Art. 15ag is de stop in het lek in art. 15ae Wet Vpb
4.32
De MvT25.bij art. 15ae Wet Vpb zegt (zie 4.11 hierboven) dat het tweede lid overeenkomt met de oude 14e standaardvoorwaarde, welke voorwaarde (zie 4.21) ook het geval regelde waarin na ontbinding en vereffening van de enige dochter geen fiscale eenheid voortbestond.

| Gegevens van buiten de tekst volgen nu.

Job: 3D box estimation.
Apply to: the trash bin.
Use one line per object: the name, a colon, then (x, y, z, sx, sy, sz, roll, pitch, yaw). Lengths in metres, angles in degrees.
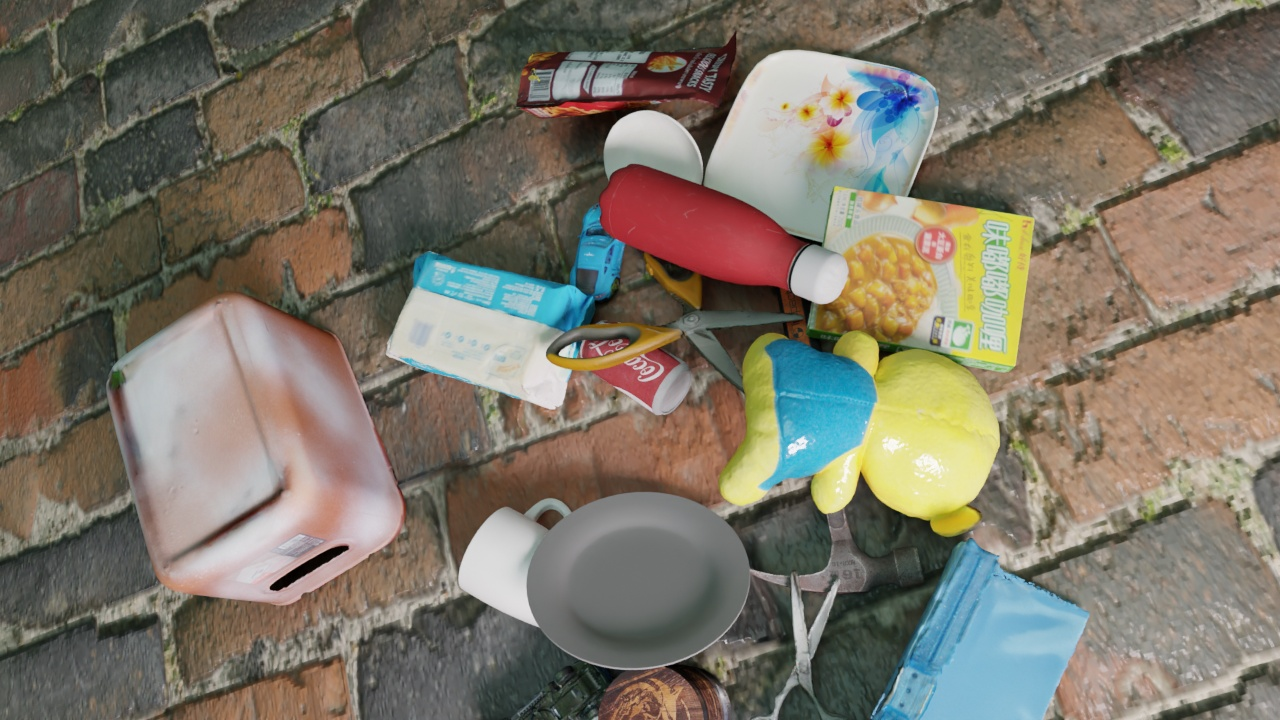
trash bin: (-0.371, 0.082, 0.875, 0.182, 0.157, 0.259, -31, 66, 7)

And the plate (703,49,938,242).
plate: (0.166, -0.197, 0.850, 0.187, 0.016, 0.186, 19, 78, 21)

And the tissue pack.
tissue pack: (-0.150, -0.032, 0.885, 0.209, 0.066, 0.117, 16, 80, 23)

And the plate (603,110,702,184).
plate: (0.016, -0.189, 0.876, 0.104, 0.104, 0.026, 15, 34, 24)

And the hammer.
hammer: (0.137, 0.042, 0.783, 0.138, 0.035, 0.314, -13, 69, 15)

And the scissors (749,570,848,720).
scissors: (0.115, 0.246, 0.721, 0.147, 0.014, 0.141, -27, 83, 13)

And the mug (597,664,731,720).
mug: (0.029, 0.290, 0.701, 0.080, 0.107, 0.115, -27, 67, 9)

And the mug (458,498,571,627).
mug: (-0.089, 0.172, 0.802, 0.088, 0.081, 0.114, 25, 52, 18)

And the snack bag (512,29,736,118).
snack bag: (-0.012, -0.280, 0.898, 0.208, 0.067, 0.138, -2, 37, 20)

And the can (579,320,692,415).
can: (-0.005, 0.005, 0.830, 0.096, 0.054, 0.054, 33, 86, 24)

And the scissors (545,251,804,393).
scissors: (0.021, -0.036, 0.805, 0.229, 0.016, 0.225, -22, 47, -8)

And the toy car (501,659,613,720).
toy car: (-0.070, 0.301, 0.766, 0.120, 0.043, 0.056, -42, 66, 1)

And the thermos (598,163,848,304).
thermos: (0.070, -0.106, 0.793, 0.240, 0.073, 0.073, 27, 83, 33)

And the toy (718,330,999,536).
toy: (0.176, 0.051, 0.698, 0.214, 0.084, 0.148, 11, 75, -4)

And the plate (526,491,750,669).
plate: (-0.002, 0.173, 0.736, 0.178, 0.012, 0.178, -3, 37, 2)

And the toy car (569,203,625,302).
toy car: (-0.040, -0.108, 0.889, 0.048, 0.032, 0.105, 8, 75, 21)

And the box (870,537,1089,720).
box: (0.230, 0.256, 0.655, 0.112, 0.094, 0.231, 26, 83, 21)

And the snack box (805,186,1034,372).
snack box: (0.233, -0.070, 0.769, 0.168, 0.027, 0.131, 11, 77, 8)
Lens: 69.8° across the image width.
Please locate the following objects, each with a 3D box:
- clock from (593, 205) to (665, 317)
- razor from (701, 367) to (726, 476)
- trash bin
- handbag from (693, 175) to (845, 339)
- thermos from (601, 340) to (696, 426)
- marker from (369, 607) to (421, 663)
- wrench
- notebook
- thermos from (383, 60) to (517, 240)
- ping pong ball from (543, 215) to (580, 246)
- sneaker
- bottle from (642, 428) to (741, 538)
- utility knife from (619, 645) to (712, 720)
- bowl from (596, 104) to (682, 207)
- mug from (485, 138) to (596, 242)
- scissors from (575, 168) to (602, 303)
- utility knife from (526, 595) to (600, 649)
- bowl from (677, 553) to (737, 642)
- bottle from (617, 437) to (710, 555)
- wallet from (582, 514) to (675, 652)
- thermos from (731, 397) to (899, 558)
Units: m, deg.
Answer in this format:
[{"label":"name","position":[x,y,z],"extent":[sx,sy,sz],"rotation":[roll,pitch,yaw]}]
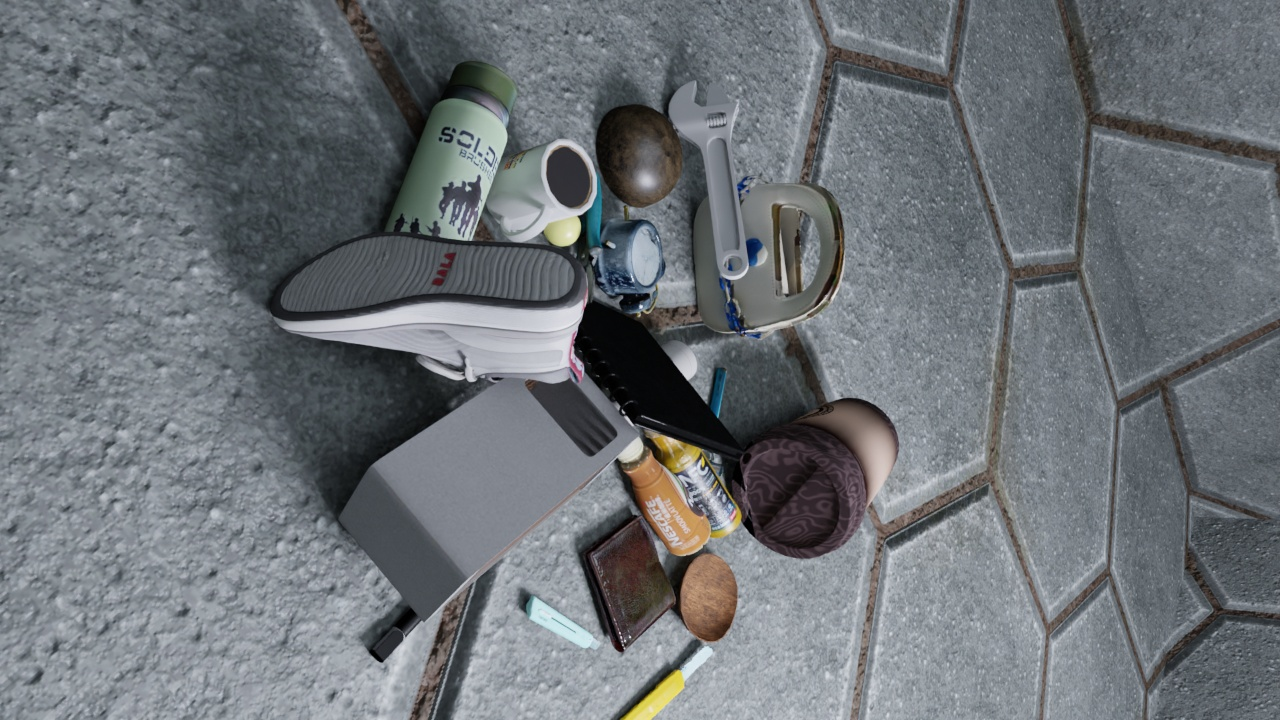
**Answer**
[{"label":"clock","position":[-0.010,-0.107,1.039],"extent":[0.090,0.052,0.129],"rotation":[-66,146,-33]},{"label":"razor","position":[0.092,0.076,1.162],"extent":[0.042,0.022,0.143],"rotation":[15,67,-8]},{"label":"trash bin","position":[-0.129,0.102,0.814],"extent":[0.114,0.115,0.228],"rotation":[48,47,5]},{"label":"handbag","position":[0.154,-0.127,1.119],"extent":[0.092,0.200,0.200],"rotation":[-1,84,-44]},{"label":"thermos","position":[-0.018,0.047,1.018],"extent":[0.223,0.052,0.052],"rotation":[-37,113,-43]},{"label":"marker","position":[-0.191,0.218,0.838],"extent":[0.140,0.016,0.016],"rotation":[-46,119,-40]},{"label":"wrench","position":[0.085,-0.221,1.105],"extent":[0.018,0.087,0.273],"rotation":[68,16,-69]},{"label":"notebook","position":[-0.005,0.006,0.942],"extent":[0.169,0.231,0.019],"rotation":[23,112,-44]},{"label":"thermos","position":[-0.176,-0.169,0.854],"extent":[0.082,0.082,0.231],"rotation":[33,62,-41]},{"label":"ping pong ball","position":[-0.083,-0.141,0.975],"extent":[0.040,0.040,0.040],"rotation":[6,81,-47]},{"label":"sneaker","position":[-0.168,-0.030,0.757],"extent":[0.129,0.263,0.096],"rotation":[83,12,-48]},{"label":"bottle","position":[0.058,0.131,1.092],"extent":[0.053,0.053,0.186],"rotation":[-53,124,-36]},{"label":"utility knife","position":[0.022,0.389,1.053],"extent":[0.206,0.018,0.030],"rotation":[-27,112,-40]},{"label":"bowl","position":[0.011,-0.245,1.077],"extent":[0.121,0.056,0.121],"rotation":[6,81,-47]},{"label":"mug","position":[-0.105,-0.163,0.916],"extent":[0.073,0.090,0.105],"rotation":[40,58,-38]},{"label":"scissors","position":[-0.058,-0.136,0.993],"extent":[0.019,0.148,0.132],"rotation":[7,115,-28]},{"label":"utility knife","position":[-0.080,0.278,0.957],"extent":[0.119,0.015,0.022],"rotation":[45,54,-39]},{"label":"bowl","position":[0.075,0.287,1.115],"extent":[0.114,0.026,0.101],"rotation":[42,56,-37]},{"label":"bottle","position":[0.020,0.149,1.045],"extent":[0.167,0.059,0.059],"rotation":[57,49,-26]},{"label":"wallet","position":[-0.013,0.246,1.024],"extent":[0.099,0.031,0.120],"rotation":[-31,106,-48]},{"label":"thermos","position":[0.245,0.142,1.222],"extent":[0.225,0.173,0.173],"rotation":[-25,105,-52]}]

Nadat de regering er door het parlement op was gewezen dat de nieuwe wetgeving deze situatie niet regelde, wilde zij met een nieuw art. 15ag Wet Vpb ‘buiten twijfel stellen’ dat de voorvoegingsverliezen van een moeder na beëindiging van de fiscale eenheid niet kunnen worden verrekend met winsten uit vermogensbestanddelen die tijdens de fiscale eenheid zijn verkregen van een andere maatschappij.
4.33
Art. 15ag Wet Vpb is dus expliciet bedoeld om te voorzien in de door het parlement gesignaleerde omissie in art. 15ae Wet Vpb. Aldus ook Strik en Meussen:26.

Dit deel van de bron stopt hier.